States have long used taxes on hospitals and nursing homes to increase federal matching funds. If Republicans end the tactic, red states could feel the most pain.The New York Times reports that for decades, states have utilized taxes on hospitals and nursing homes as a means to increase federal matching funds. However, if Republicans decide to put an end to this tactic, it could have a significant impact on red states. This strategy was first implemented in 1989 by New Hampshire’s Republican governor, Judd Gregg, who was facing a large budget deficit. His health secretary came up with the idea to tax hospitals and then return the funds to them as higher payments for Medicaid patients’ care. This allowed the state to inflate its Medicaid spending on paper, resulting in more federal funding.
Over time, this tactic has become a common way for states to finance their Medicaid programs, which provides health insurance for 72 million low-income Americans. Currently, every state except Alaska has at least one type of provider tax in place. In some states, these taxes and related payments make up more than a third of the overall federal funding for Medicaid.

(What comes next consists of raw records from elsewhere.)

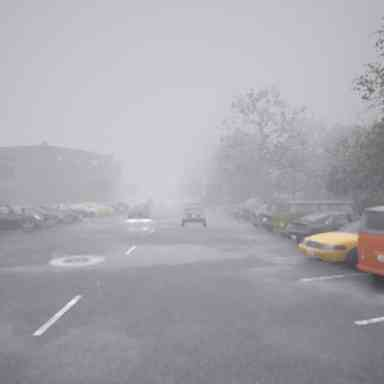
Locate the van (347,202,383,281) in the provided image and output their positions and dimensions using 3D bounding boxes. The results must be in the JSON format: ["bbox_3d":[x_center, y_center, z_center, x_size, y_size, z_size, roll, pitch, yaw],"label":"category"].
[{"bbox_3d":[6.519,1.334,8.526,4.442,1.987,1.878,1,-1,-20],"label":"van"}]

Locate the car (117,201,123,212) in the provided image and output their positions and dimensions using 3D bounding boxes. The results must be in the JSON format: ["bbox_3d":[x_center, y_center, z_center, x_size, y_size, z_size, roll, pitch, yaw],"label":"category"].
[{"bbox_3d":[-11.376,1.898,40.829,4.892,1.521,2.231,-1,-1,-20],"label":"car"}]

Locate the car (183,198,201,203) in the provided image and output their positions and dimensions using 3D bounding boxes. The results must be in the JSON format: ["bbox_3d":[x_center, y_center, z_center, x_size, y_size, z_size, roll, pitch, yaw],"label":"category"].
[{"bbox_3d":[0.447,1.932,43.622,2.128,1.511,4.902,0,-1,5],"label":"car"}]

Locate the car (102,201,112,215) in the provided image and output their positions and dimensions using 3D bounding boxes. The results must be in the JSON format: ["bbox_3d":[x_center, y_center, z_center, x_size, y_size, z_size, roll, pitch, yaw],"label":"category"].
[{"bbox_3d":[-11.547,1.831,34.892,5.366,1.575,1.946,-1,0,-20],"label":"car"}]

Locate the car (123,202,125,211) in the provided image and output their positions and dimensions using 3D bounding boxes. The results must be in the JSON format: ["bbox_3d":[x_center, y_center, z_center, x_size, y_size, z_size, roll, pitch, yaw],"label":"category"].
[{"bbox_3d":[-11.359,1.962,46.691,4.892,1.521,2.231,-1,0,-20],"label":"car"}]

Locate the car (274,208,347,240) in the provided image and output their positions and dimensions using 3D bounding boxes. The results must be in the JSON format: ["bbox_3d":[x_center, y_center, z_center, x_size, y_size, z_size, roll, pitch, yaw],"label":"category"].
[{"bbox_3d":[6.407,1.613,14.370,4.892,1.521,2.231,1,-1,-20],"label":"car"}]

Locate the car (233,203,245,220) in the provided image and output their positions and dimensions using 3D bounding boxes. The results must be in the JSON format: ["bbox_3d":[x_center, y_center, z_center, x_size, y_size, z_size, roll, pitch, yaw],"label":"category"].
[{"bbox_3d":[6.458,1.799,29.104,4.792,1.488,2.163,1,-1,-20],"label":"car"}]

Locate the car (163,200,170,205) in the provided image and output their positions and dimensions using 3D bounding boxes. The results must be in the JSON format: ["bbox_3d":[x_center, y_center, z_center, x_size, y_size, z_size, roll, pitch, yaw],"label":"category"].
[{"bbox_3d":[-5.568,2.882,92.862,2.097,1.535,5.008,0,-2,-27],"label":"car"}]

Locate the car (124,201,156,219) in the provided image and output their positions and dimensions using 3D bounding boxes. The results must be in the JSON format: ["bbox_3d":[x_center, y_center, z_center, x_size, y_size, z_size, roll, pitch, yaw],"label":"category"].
[{"bbox_3d":[-5.038,1.886,32.752,1.994,1.385,4.181,0,-1,0],"label":"car"}]

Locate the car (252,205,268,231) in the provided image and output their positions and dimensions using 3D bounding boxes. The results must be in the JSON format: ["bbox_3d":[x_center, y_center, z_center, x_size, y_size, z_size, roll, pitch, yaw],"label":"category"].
[{"bbox_3d":[6.449,1.703,20.269,4.792,1.488,2.163,1,-1,-20],"label":"car"}]

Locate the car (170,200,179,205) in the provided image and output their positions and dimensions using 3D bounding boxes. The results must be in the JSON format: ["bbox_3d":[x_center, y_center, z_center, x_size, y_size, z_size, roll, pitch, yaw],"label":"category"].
[{"bbox_3d":[-3.368,2.744,87.562,2.231,1.521,4.892,0,-1,-18],"label":"car"}]

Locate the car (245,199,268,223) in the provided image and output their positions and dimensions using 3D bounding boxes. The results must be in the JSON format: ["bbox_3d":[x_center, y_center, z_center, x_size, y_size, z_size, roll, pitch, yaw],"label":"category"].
[{"bbox_3d":[6.399,1.578,23.194,4.553,1.767,2.185,1,-1,-20],"label":"car"}]

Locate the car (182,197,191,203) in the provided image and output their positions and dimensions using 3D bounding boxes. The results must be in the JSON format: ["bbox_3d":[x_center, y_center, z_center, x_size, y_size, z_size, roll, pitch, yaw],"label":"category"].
[{"bbox_3d":[-0.572,2.319,70.416,2.097,1.535,5.008,0,-1,-1],"label":"car"}]

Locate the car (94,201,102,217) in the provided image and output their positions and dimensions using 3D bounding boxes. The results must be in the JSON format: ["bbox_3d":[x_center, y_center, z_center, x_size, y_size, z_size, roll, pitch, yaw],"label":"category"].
[{"bbox_3d":[-11.381,1.840,32.027,4.674,1.452,2.002,-1,-1,-20],"label":"car"}]

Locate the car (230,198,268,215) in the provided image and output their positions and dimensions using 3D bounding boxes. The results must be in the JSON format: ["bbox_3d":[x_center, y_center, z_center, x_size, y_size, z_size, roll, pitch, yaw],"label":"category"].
[{"bbox_3d":[6.413,1.550,32.024,5.566,2.045,2.435,1,0,-20],"label":"car"}]

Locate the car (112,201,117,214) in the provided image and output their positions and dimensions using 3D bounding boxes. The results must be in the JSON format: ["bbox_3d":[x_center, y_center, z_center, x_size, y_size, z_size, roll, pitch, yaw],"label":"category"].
[{"bbox_3d":[-11.374,1.904,37.895,4.674,1.452,2.002,-1,-1,-20],"label":"car"}]

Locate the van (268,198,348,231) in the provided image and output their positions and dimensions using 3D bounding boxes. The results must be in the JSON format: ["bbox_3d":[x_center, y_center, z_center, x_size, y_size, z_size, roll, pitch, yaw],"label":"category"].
[{"bbox_3d":[6.527,1.419,17.362,4.442,1.987,1.878,1,-1,-20],"label":"van"}]

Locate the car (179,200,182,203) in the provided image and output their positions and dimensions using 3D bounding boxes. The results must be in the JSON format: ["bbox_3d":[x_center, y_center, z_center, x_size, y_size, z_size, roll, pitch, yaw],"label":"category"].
[{"bbox_3d":[-0.926,2.203,76.404,2.435,2.045,5.566,0,-2,-7],"label":"car"}]

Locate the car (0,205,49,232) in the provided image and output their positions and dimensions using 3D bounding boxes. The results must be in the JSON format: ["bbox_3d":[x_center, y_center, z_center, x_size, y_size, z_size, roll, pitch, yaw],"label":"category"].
[{"bbox_3d":[-11.425,1.547,20.286,4.553,1.767,2.185,-1,-1,-20],"label":"car"}]

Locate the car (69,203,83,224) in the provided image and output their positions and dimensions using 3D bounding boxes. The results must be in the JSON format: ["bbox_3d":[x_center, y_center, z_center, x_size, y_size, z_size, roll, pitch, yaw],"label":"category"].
[{"bbox_3d":[-11.358,1.765,26.171,4.792,1.488,2.163,-1,-1,-20],"label":"car"}]

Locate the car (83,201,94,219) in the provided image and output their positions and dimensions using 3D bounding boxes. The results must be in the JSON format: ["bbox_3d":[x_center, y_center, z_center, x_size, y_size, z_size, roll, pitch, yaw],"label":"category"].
[{"bbox_3d":[-11.392,1.769,29.097,4.892,1.521,2.231,-1,-1,-20],"label":"car"}]

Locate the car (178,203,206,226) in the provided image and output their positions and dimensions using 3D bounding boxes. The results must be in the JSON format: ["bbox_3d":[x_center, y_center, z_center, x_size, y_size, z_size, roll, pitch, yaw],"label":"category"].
[{"bbox_3d":[0.132,1.795,25.920,2.033,1.411,5.357,0,-1,0],"label":"car"}]

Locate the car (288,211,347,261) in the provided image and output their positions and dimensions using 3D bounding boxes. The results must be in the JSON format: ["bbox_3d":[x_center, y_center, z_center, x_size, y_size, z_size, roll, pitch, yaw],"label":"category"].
[{"bbox_3d":[6.237,1.579,11.361,5.366,1.575,1.946,1,0,-20],"label":"car"}]

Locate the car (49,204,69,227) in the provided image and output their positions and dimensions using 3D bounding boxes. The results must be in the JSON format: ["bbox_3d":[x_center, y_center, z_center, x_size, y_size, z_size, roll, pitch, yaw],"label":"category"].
[{"bbox_3d":[-11.395,1.704,23.225,4.892,1.521,2.231,-1,-1,-20],"label":"car"}]

However, with the recent proposal for steep federal spending cuts, congressional Republicans are considering putting an end to these taxes, which could save the government approximately $600 billion over the next decade.
According to a recent analysis, this change could have a disproportionate impact on Republican-led states, as they tend to rely more heavily on the provider tax strategy in their Medicaid budgets. This is a significant shift from when these taxes were first implemented as a creative budgeting solution, and it highlights the potential consequences of relying on such tactics for long periods.